Trump’s Plan to Seize Greenland Would “Militarize the Arctic,” Trample Indigenous Rights


This is a rush transcript. Copy may not be in its final form.

AMY GOODMAN: This is Democracy Now!, democracynow.org, The War and Peace Report. I’m Amy Goodman, with Juan González.

Following the U.S. attack on Venezuela and the abduction of the president, the Trump administration is publicly saying it wants to take over Greenland, which has been controlled by Denmark for over 300 years. On Tuesday, White House Press Secretary Karoline Leavitt said in a statement, quote, “The president and his team are discussing a range of options to pursue this important foreign policy goal, and of course, utilizing the U.S. military is always an option at the commander in chief’s disposal,” she said. At a congressional briefing Monday, Secretary of State Marco Rubio floated the idea of the U.S. buying Greenland. White House adviser Stephen Miller talked about Greenland during an appearance on CNN.

STEPHEN MILLER: The United States should have Greenland as part of the United States. There is no need to even think or talk about this in the context that you’re asking of a military operation. Nobody is going to fight the United States militarily over the future of Greenland.

AMY GOODMAN: In that CNN interview, Stephen Miller defended the U.S. attack on Venezuela.

STEPHEN MILLER: We live in a world in which you can — you can talk all you want about international niceties and everything else, but we live in a world, in the real world, Jake, that is governed by strength, that is governed by force, that is governed by power.
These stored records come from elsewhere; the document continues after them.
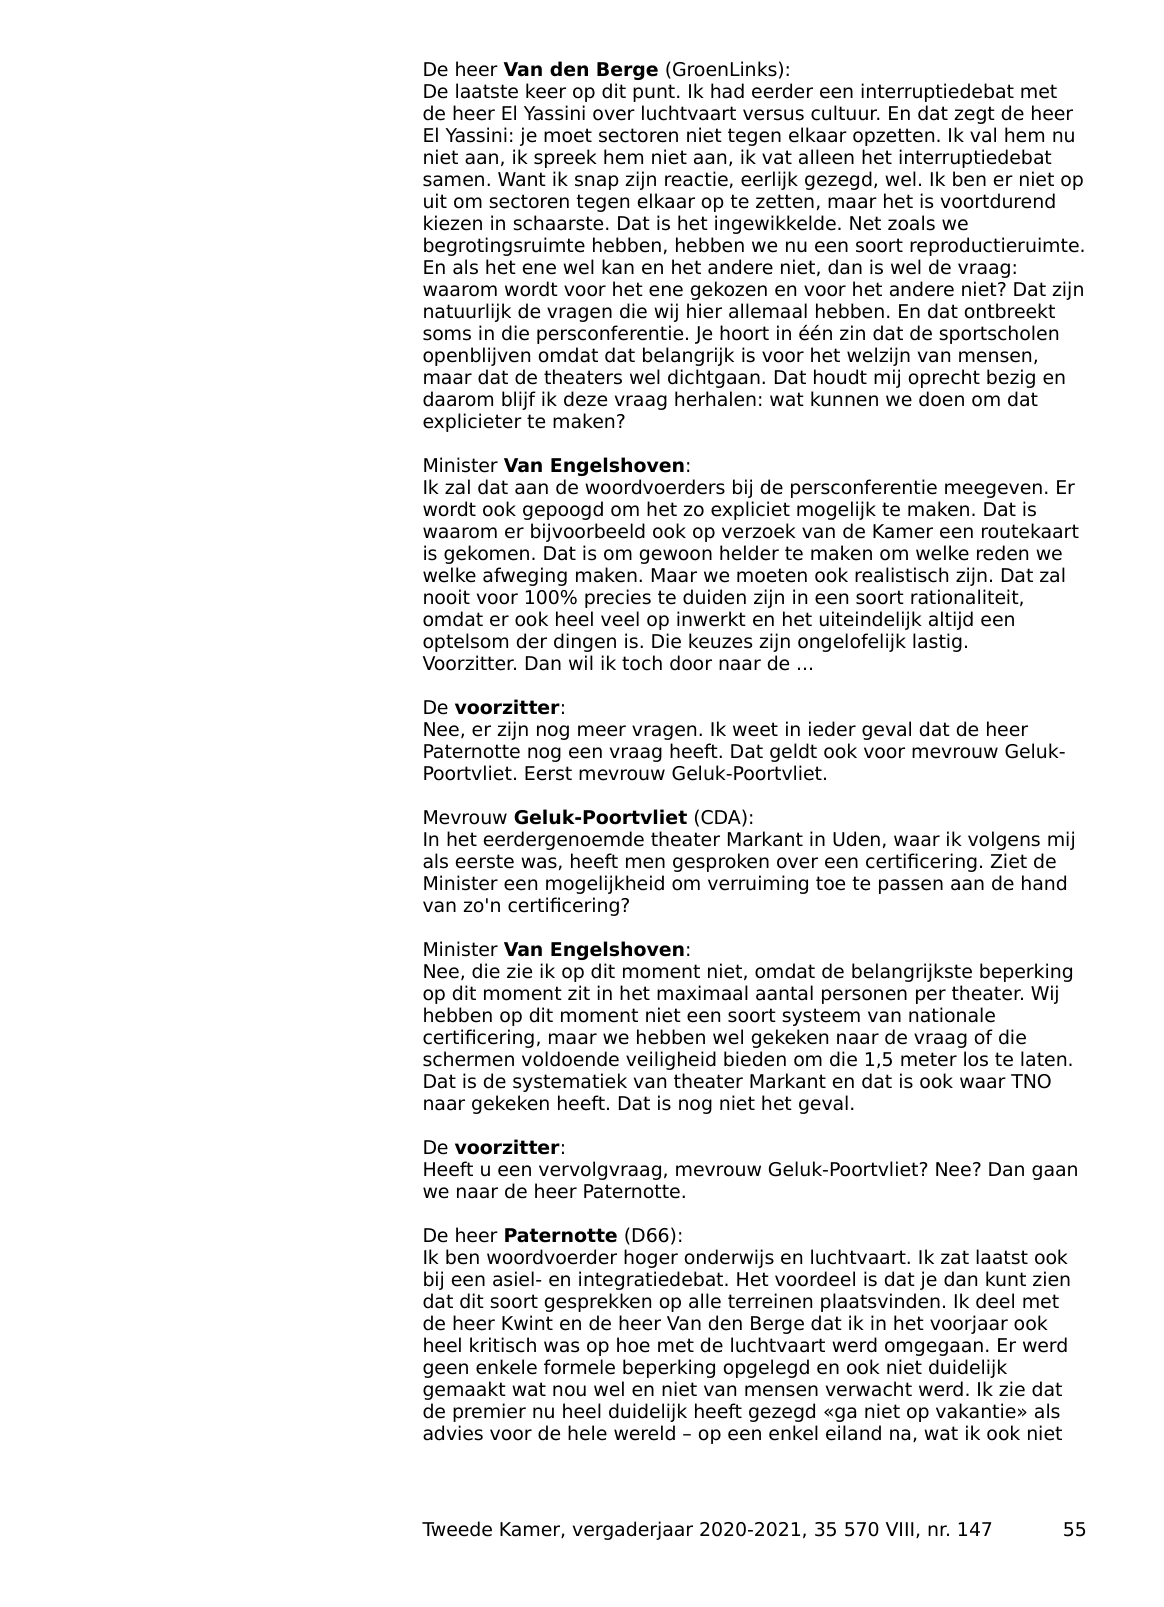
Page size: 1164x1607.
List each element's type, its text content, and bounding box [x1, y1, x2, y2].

text De voorzitter: [422, 697, 1087, 719]
text Ik ben woordvoerder hoger onderwijs en luchtvaart. Ik zat laatst ook bij een asiel- en integratiedebat. Het voordeel is dat je dan kunt zien dat dit soort gesprekken op alle terreinen plaatsvinden. Ik deel met de heer Kwint en de heer Van den Berge dat ik in het voorjaar ook heel kritisch was op hoe met de luchtvaart werd omgegaan. Er werd geen enkele formele beperking opgelegd en ook niet duidelijk gemaakt wat nou wel en niet van mensen verwacht werd. Ik zie dat de premier nu heel duidelijk heeft gezegd «ga niet op vakantie» als advies voor de hele wereld – op een enkel eiland na, wat ik ook niet [422, 1247, 1087, 1445]
text De laatste keer op dit punt. Ik had eerder een interruptiedebat met de heer El Yassini over luchtvaart versus cultuur. En dat zegt de heer El Yassini: je moet sectoren niet tegen elkaar opzetten. Ik val hem nu niet aan, ik spreek hem niet aan, ik vat alleen het interruptiedebat samen. Want ik snap zijn reactie, eerlijk gezegd, wel. Ik ben er niet op uit om sectoren tegen elkaar op te zetten, maar het is voortdurend kiezen in schaarste. Dat is het ingewikkelde. Net zoals we begrotingsruimte hebben, hebben we nu een soort reproductieruimte. En als het ene wel kan en het andere niet, dan is wel de vraag: waarom wordt voor het ene gekozen en voor het andere niet? Dat zijn natuurlijk de vragen die wij hier allemaal hebben. En dat ontbreekt soms in die persconferentie. Je hoort in één zin dat de sportscholen openblijven omdat dat belangrijk is voor het welzijn van mensen, maar dat de theaters wel dichtgaan. Dat houdt mij oprecht bezig en daarom blijf ik deze vraag herhalen: wat kunnen we doen om dat explicieter te maken? [422, 81, 1087, 433]
text Minister Van Engelshoven: [422, 455, 1087, 477]
text Heeft u een vervolgvraag, mevrouw Geluk-Poortvliet? Nee? Dan gaan we naar de heer Paternotte. [422, 1159, 1087, 1203]
text Mevrouw Geluk-Poortvliet (CDA): [422, 807, 1087, 829]
text Minister Van Engelshoven: [422, 939, 1087, 961]
text De heer Paternotte (D66): [422, 1225, 1087, 1247]
text De heer Van den Berge (GroenLinks): [422, 59, 1087, 81]
text Nee, die zie ik op dit moment niet, omdat de belangrijkste beperking op dit moment zit in het maximaal aantal personen per theater. Wij hebben op dit moment niet een soort systeem van nationale certificering, maar we hebben wel gekeken naar de vraag of die schermen voldoende veiligheid bieden om die 1,5 meter los te laten. Dat is de systematiek van theater Markant en dat is ook waar TNO naar gekeken heeft. Dat is nog niet het geval. [422, 961, 1087, 1115]
text Ik zal dat aan de woordvoerders bij de persconferentie meegeven. Er wordt ook gepoogd om het zo expliciet mogelijk te maken. Dat is waarom er bijvoorbeeld ook op verzoek van de Kamer een routekaart is gekomen. Dat is om gewoon helder te maken om welke reden we welke afweging maken. Maar we moeten ook realistisch zijn. Dat zal nooit voor 100% precies te duiden zijn in een soort rationaliteit, omdat er ook heel veel op inwerkt en het uiteindelijk altijd een optelsom der dingen is. Die keuzes zijn ongelofelijk lastig. [422, 477, 1087, 653]
text Voorzitter. Dan wil ik toch door naar de ... [422, 653, 1087, 675]
text In het eerdergenoemde theater Markant in Uden, waar ik volgens mij als eerste was, heeft men gesproken over een certificering. Ziet de Minister een mogelijkheid om verruiming toe te passen aan de hand van zo'n certificering? [422, 829, 1087, 917]
text De voorzitter: [422, 1137, 1087, 1159]
text Nee, er zijn nog meer vragen. Ik weet in ieder geval dat de heer Paternotte nog een vraag heeft. Dat geldt ook voor mevrouw Geluk-Poortvliet. Eerst mevrouw Geluk-Poortvliet. [422, 719, 1087, 785]
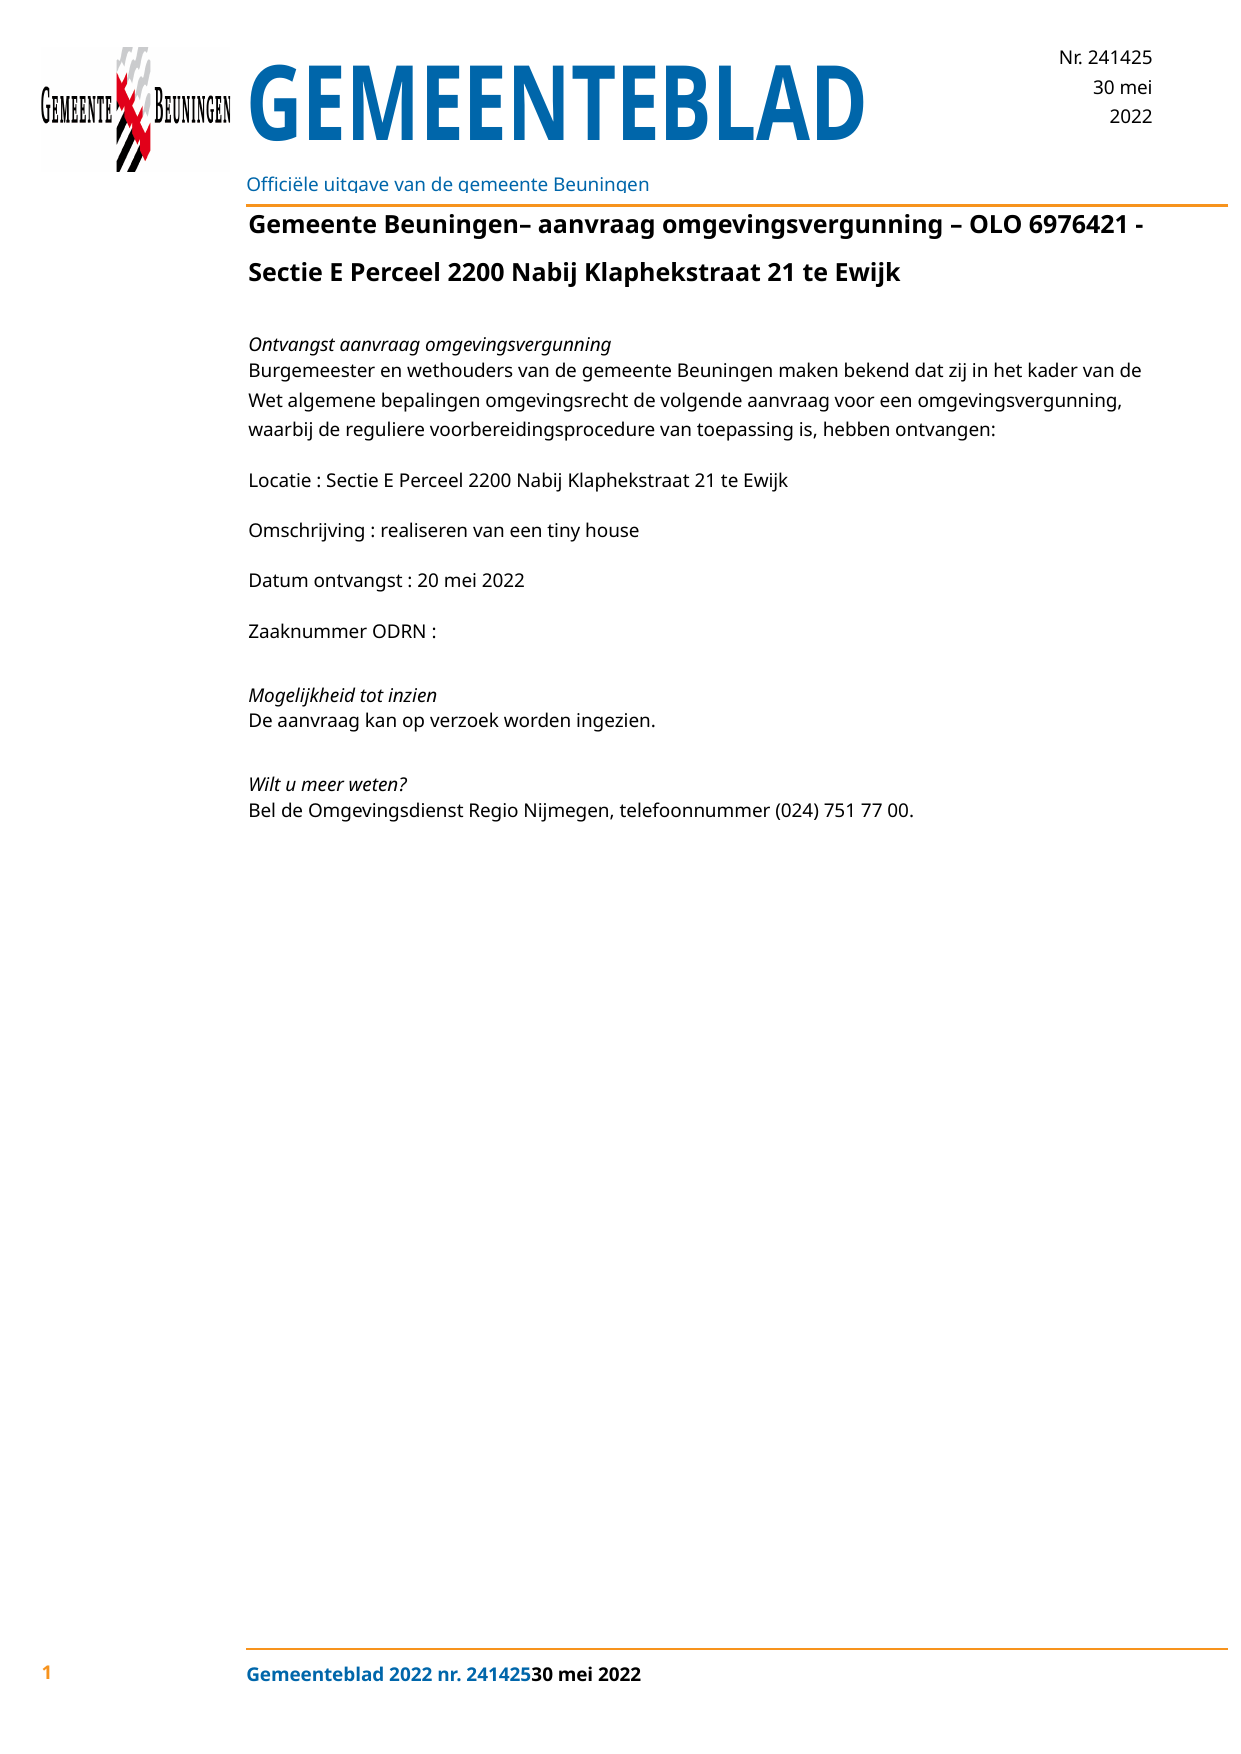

These are the iron laws of the world.

AMY GOODMAN: Meanwhile, Danish Prime Minister Mette Frederiksen has warned, if the U.S. attacks Greenland, it will spell the end of NATO.

PRIME MINISTER METTE FREDERIKSEN: [translated] Firstly, I believe that the American president should be taken seriously when he says that he wants Greenland. But I also want to make it clear that if the United States chooses to attack another NATO country militarily, then everything stops — that is, including our NATO, and thus the security that has been provided since the end of the Second World War.

AMY GOODMAN: We’re joined now by two guests. Pavel Devyatkin is a nonresident fellow at the Quincy Institute, senior associate at The Arctic Institute. His new piece for Responsible Statecraft is headlined “Is Greenland next? Denmark says, not so fast.” He’s joining us from Moscow, Russia. And joining us from just south of the Arctic Circle in the Canadian city of Iqaluit is Aaju Peter. She’s a Greenlandic Inuit activist and attorney, recently featured in the documentary Twice Colonized.

We welcome you back to Democracy Now! Let’s begin with Pavel Devyatkin. Pavel, can you talk about what is at stake right now and the response by Denmark and also, of course, most importantly, the people of Greenland?

PAVEL DEVYATKIN: Thank you for having me, Amy.

Trump says we need Greenland for national security, but his threats actually harm our security and threaten to destroy international law and institutions. In trying to acquire Greenland, the U.S. is acting like a rogue state with a reckless foreign policy. There is absolutely no military threat to the U.S. from Greenland and no threat of Greenland forming military alliances with Russia or China. So this is pure imperialism.

Trump is claiming that Russian and Chinese ships are all along the coast of Greenland, but that Denmark can’t protect it. But this is false. He’s mixing up different parts of the Arctic. Russia and China do send ships into the Arctic, but those ships are nowhere near Greenland. They’re way out in the Barents and Bering Seas, thousands of miles away. And the U.S. already controls Greenland in terms of military security, thanks to a 1951 agreement with Denmark that gives the U.S. control of a military base in the far north of the island. When Trump talks about Greenland, he keeps lumping the whole island together with the Pituffik military base, insisting that the only way to keep the base safe is to own the land beneath it.

What we’re witnessing is a dangerous “might makes right” worldview. You played that clip of Stephen Miller saying nobody’s going to fight the U.S. militarily over the future of Greenland. They’re really betting on raw military power to seize territory from a sovereign nation. And that statement came after Stephen Miller’s wife posted a picture of the American flag covering Greenland on Twitter. She captioned the photo with the word “soon.” The White House is currently discussing how to acquire Greenland, and not exempting military force.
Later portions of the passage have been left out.